A rainbow can be defined as a band of colors (from
red on the inside to violet on the outside) assembled as an
arc that is formed by reflection and refraction (or bending)
of the sun's rays inside raindrops. They appear when it is
raining in one part of the sky and sunny in another.
Some Interesting Facts about Rainbows
- When you see a rainbow...
- it is after rain. The sun is always behind you and
the rain in front of you when a rainbow appears, so the
center of the rainbow's arc is directly opposite the sun.
- Most people think...
- the only colors of a rainbow are red, orange,
yellow, green, blue,
indigo, and violet, but a rainbow is actually
made up of an entire continuum of colorseven colors
the eye can't see!
- We are able to see the colors of a rainbow because...
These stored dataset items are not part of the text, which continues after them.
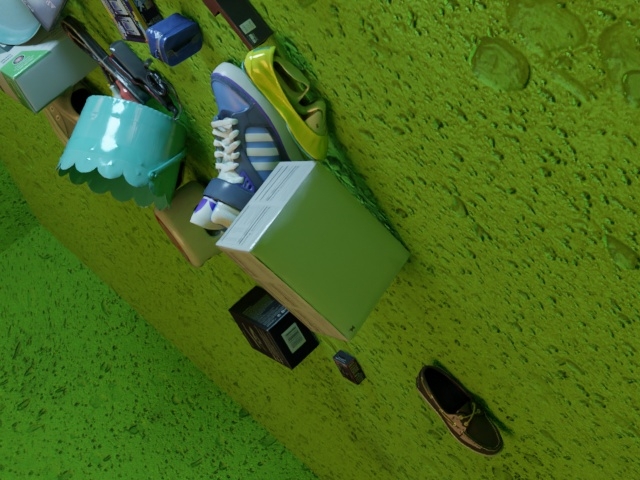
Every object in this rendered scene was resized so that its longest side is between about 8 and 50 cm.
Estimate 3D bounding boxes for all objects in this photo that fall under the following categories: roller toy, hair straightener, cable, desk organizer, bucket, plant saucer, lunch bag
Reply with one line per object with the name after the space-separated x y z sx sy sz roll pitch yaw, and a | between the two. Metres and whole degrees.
-0.303 -0.043 2.235 0.191 0.146 0.209 47 167 31 | roller toy
-0.381 -0.354 1.983 0.230 0.047 0.089 49 158 11 | hair straightener
-0.491 -0.384 2.073 0.287 0.072 0.139 47 168 -27 | cable
-0.141 -0.372 1.491 0.130 0.047 0.050 51 161 -6 | desk organizer
-0.439 -0.197 2.054 0.281 0.183 0.281 16 170 3 | bucket
-0.735 -0.612 2.088 0.317 0.043 0.318 17 123 27 | plant saucer
-0.269 -0.368 1.675 0.065 0.098 0.067 31 148 33 | lunch bag

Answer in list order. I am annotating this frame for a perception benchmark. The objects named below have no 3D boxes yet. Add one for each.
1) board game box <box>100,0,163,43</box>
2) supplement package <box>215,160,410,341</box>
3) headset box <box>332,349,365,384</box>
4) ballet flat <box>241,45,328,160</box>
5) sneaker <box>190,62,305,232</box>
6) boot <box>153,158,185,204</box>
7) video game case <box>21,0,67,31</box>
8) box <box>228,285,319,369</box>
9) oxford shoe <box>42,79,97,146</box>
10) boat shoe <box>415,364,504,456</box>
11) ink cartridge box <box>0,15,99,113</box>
-0.385 -0.474 1.789 0.141 0.048 0.170 24 148 51 | board game box
-0.010 0.017 1.621 0.262 0.204 0.145 44 163 -25 | supplement package
0.070 0.317 2.283 0.062 0.032 0.083 22 148 50 | headset box
-0.037 -0.227 1.501 0.077 0.077 0.231 -23 122 29 | ballet flat
-0.166 -0.135 1.681 0.130 0.236 0.323 11 138 57 | sneaker
-0.435 -0.204 2.307 0.176 0.088 0.244 46 151 7 | boot
-0.599 -0.594 1.925 0.196 0.026 0.274 50 141 -3 | video game case
-0.126 0.229 2.408 0.207 0.108 0.153 21 146 51 | box
-0.700 -0.415 2.417 0.449 0.169 0.130 50 119 18 | oxford shoe
0.283 0.347 1.851 0.227 0.081 0.069 43 162 21 | boat shoe
-0.712 -0.459 2.218 0.289 0.211 0.122 31 157 37 | ink cartridge box
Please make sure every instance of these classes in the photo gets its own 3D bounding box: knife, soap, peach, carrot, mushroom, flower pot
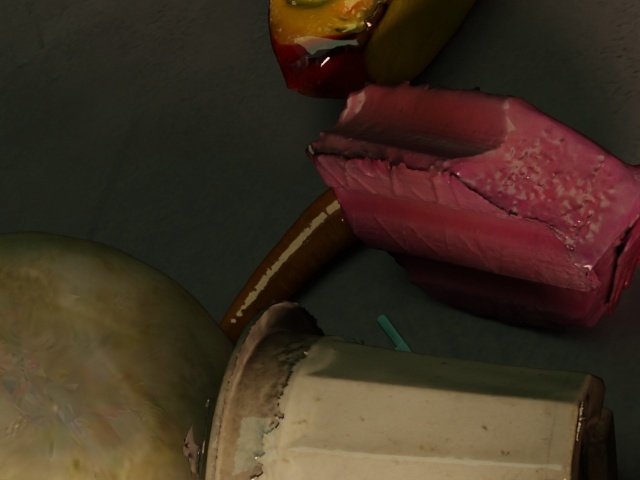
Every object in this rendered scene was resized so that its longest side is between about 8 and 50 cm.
[{"bbox_3d":[0.068,0.091,1.586,0.014,0.005,0.091,-36,42,-1],"label":"knife"},{"bbox_3d":[0.143,-0.026,1.514,0.289,0.182,0.112,13,59,47],"label":"soap"},{"bbox_3d":[0.045,-0.227,1.782,0.158,0.154,0.267,20,70,34],"label":"peach"},{"bbox_3d":[0.000,0.000,1.683,0.271,0.066,0.062,-37,-2,4],"label":"carrot"},{"bbox_3d":[-0.218,0.155,1.525,0.352,0.260,0.352,9,56,-13],"label":"mushroom"},{"bbox_3d":[0.071,0.185,1.338,0.259,0.290,0.290,0,52,18],"label":"flower pot"}]
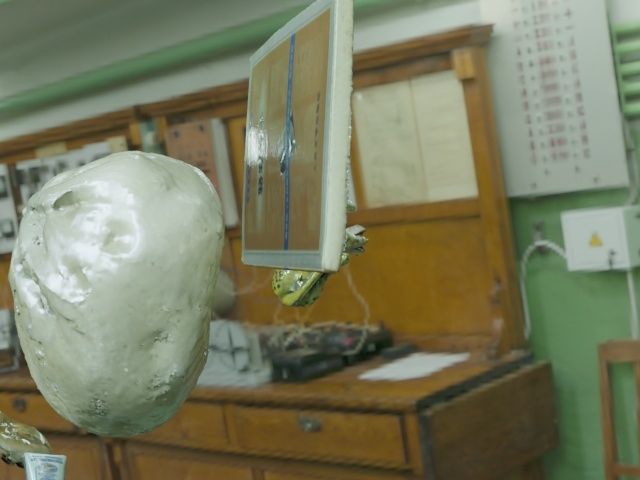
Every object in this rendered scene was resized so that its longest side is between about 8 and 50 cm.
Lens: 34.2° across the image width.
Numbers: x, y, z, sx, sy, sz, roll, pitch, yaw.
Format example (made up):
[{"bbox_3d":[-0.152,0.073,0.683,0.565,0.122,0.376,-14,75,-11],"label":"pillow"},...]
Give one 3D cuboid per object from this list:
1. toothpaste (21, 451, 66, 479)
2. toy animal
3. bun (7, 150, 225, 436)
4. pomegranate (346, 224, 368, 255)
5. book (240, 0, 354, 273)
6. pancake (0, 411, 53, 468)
[{"bbox_3d":[-0.360,0.352,1.369,0.062,0.039,0.239,7,24,-19],"label":"toothpaste"},{"bbox_3d":[-0.015,0.026,1.088,0.073,0.136,0.181,22,20,-15],"label":"toy animal"},{"bbox_3d":[-0.240,0.061,1.204,0.235,0.326,0.362,7,-19,-16],"label":"bun"},{"bbox_3d":[0.000,0.000,1.533,0.142,0.114,0.114,-2,3,-15],"label":"pomegranate"},{"bbox_3d":[-0.021,-0.064,0.711,0.018,0.170,0.242,3,-2,-15],"label":"book"},{"bbox_3d":[-0.530,0.281,1.592,0.282,0.049,0.282,25,-6,3],"label":"pancake"}]
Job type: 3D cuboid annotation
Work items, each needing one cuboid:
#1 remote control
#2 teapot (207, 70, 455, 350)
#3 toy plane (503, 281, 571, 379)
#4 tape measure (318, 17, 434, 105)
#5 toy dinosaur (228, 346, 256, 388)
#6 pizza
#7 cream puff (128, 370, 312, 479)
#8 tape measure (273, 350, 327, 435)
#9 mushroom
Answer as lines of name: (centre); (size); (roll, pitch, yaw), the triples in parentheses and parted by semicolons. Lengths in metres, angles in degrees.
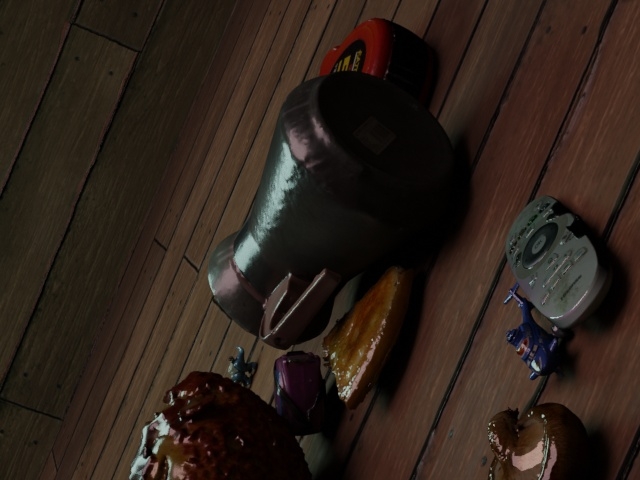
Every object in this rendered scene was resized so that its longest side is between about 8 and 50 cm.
remote control: (0.245, 0.019, 1.338); (0.097, 0.045, 0.256); (-52, 19, 16)
teapot: (0.005, -0.021, 1.724); (0.344, 0.253, 0.300); (-55, 16, 39)
toy plane: (0.214, 0.091, 1.322); (0.054, 0.062, 0.167); (-61, 9, 22)
tape measure: (0.070, -0.210, 1.983); (0.260, 0.114, 0.253); (-27, 44, 58)
toy dinosaur: (-0.137, 0.222, 2.172); (0.030, 0.047, 0.083); (-7, 64, 71)
pizza: (0.063, 0.127, 1.708); (0.201, 0.053, 0.193); (-65, 17, -9)
cream puff: (-0.118, 0.343, 1.670); (0.350, 0.228, 0.351); (-1, -90, -81)
tape measure: (-0.026, 0.212, 1.786); (0.125, 0.074, 0.118); (-139, 45, -83)
mushroom: (0.196, 0.210, 1.189); (0.127, 0.087, 0.127); (-60, 16, 30)
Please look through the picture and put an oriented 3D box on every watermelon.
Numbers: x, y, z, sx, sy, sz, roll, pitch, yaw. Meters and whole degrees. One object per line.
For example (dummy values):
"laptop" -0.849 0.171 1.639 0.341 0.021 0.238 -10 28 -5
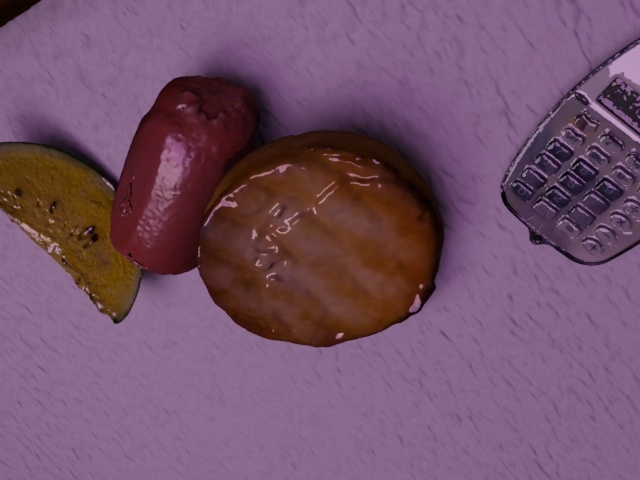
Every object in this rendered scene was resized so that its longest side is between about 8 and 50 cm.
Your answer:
"watermelon" -0.350 -0.027 1.154 0.123 0.129 0.301 -36 102 34

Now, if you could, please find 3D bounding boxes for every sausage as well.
"sausage" -0.170 -0.076 1.046 0.152 0.152 0.279 33 121 6

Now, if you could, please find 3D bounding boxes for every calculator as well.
"calculator" 0.316 -0.084 0.902 0.177 0.040 0.268 40 123 1

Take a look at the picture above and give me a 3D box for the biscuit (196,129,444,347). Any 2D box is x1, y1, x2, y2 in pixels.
"biscuit" 0.000 0.000 1.000 0.297 0.102 0.296 -3 127 -3

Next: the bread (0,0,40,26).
"bread" -0.382 -0.336 1.003 0.417 0.165 0.113 -21 106 28
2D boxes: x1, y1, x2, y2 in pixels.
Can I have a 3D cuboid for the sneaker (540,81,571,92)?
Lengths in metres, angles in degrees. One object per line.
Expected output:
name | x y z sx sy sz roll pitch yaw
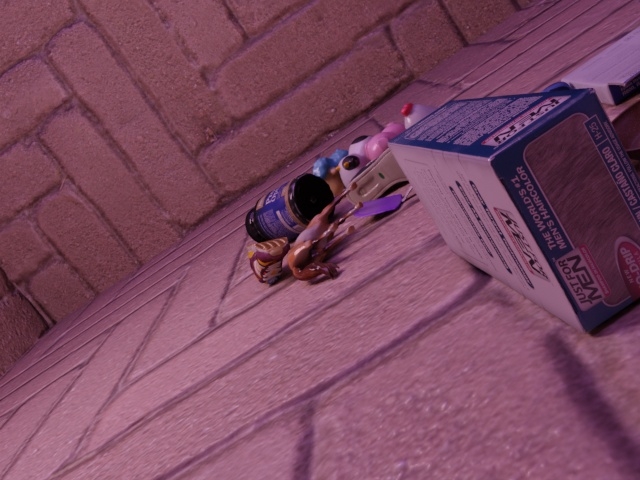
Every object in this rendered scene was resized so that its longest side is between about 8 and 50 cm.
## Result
sneaker | 0.362 -0.201 1.087 0.144 0.053 0.059 -46 14 -10

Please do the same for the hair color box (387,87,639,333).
hair color box | 0.189 -0.050 0.692 0.105 0.174 0.347 -34 13 0

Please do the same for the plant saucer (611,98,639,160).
plant saucer | 0.419 -0.144 0.764 0.198 0.036 0.198 -34 13 9

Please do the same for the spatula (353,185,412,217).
spatula | 0.191 -0.110 1.239 0.296 0.030 0.084 -29 15 23

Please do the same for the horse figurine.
horse figurine | 0.000 0.000 1.224 0.174 0.066 0.263 -42 14 30

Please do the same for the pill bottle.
pill bottle | -0.077 -0.063 1.538 0.219 0.123 0.123 -23 17 49

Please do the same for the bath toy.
bath toy | 0.137 -0.206 1.514 0.348 0.129 0.151 -23 51 46

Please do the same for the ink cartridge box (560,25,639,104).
ink cartridge box | 0.511 -0.287 1.031 0.223 0.045 0.224 -34 14 6

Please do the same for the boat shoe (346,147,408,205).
boat shoe | 0.153 -0.155 1.381 0.233 0.084 0.079 -31 13 31

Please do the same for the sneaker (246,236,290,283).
sneaker | -0.093 0.042 1.298 0.069 0.084 0.185 -15 3 -14
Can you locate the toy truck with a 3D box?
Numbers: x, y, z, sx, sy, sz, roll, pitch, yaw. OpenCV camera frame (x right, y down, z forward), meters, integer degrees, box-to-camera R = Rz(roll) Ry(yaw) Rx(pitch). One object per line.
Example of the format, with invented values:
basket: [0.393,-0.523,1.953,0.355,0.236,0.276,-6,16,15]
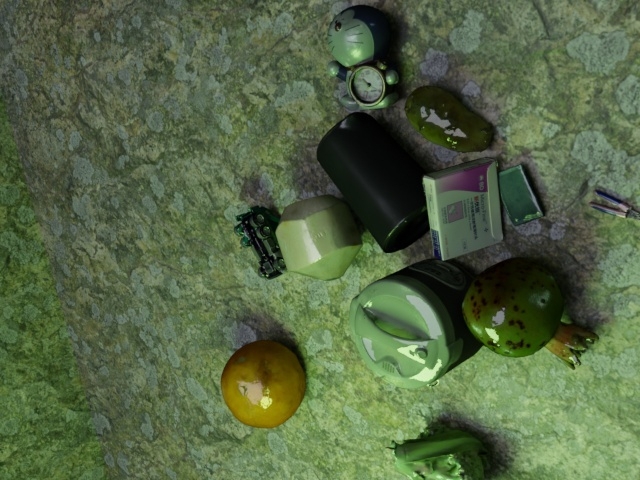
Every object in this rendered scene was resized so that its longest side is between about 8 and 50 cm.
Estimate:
toy truck: [-0.151,-0.001,2.203,0.110,0.116,0.216,-27,92,44]

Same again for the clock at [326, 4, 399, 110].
clock: [0.100,-0.439,1.817,0.200,0.146,0.243,-1,107,37]

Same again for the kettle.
kettle: [0.152,-0.140,1.866,0.203,0.262,0.308,-40,69,5]

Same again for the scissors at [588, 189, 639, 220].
scissors: [0.612,-0.069,1.567,0.113,0.012,0.039,27,121,33]

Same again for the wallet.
wallet: [0.445,-0.102,1.696,0.088,0.026,0.129,-24,89,49]

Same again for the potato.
potato: [0.291,-0.274,1.735,0.225,0.090,0.117,36,118,20]

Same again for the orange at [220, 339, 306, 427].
orange: [-0.171,0.431,2.273,0.261,0.261,0.261,14,113,38]

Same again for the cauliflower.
cauliflower: [0.279,0.566,1.889,0.239,0.315,0.256,126,157,-44]

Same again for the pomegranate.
pomegranate: [0.447,0.172,1.643,0.286,0.231,0.231,47,129,21]

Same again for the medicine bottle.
medicine bottle: [0.323,-0.074,1.711,0.052,0.171,0.201,-149,47,-63]

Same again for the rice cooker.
rice cooker: [0.234,0.193,1.807,0.288,0.277,0.288,14,112,40]

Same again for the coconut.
coconut: [-0.003,0.001,2.004,0.241,0.241,0.241,14,113,38]

- light of different colors is refracted when it
travels from one medium, such as air, and into another-
-in this case, the water of the raindrops. When all the
colors that make up sunlight are combined, they look white,
but once they are refracted, the colors break up into the
ones we see in a rainbow.
- Every person...
- sees their own "personal" rainbow. When you look at
one, you are seeing the light bounced off of certain
raindrops, but when the person standing next to you
looks at the same rainbow, they may see the light
reflecting off other raindrops from a completely different
angle. In addition, everyone sees colors differently
according to light and how their eyes interpret it.
- You can never...
- actually reach the end of a rainbow, where a pot of
gold supposedly awaits. As you move, the rainbow that
your eyes see moves as well, because the raindrops are at
different spots in the atmosphere. The rainbow, then, will
always "move away" at the same rate that you are moving.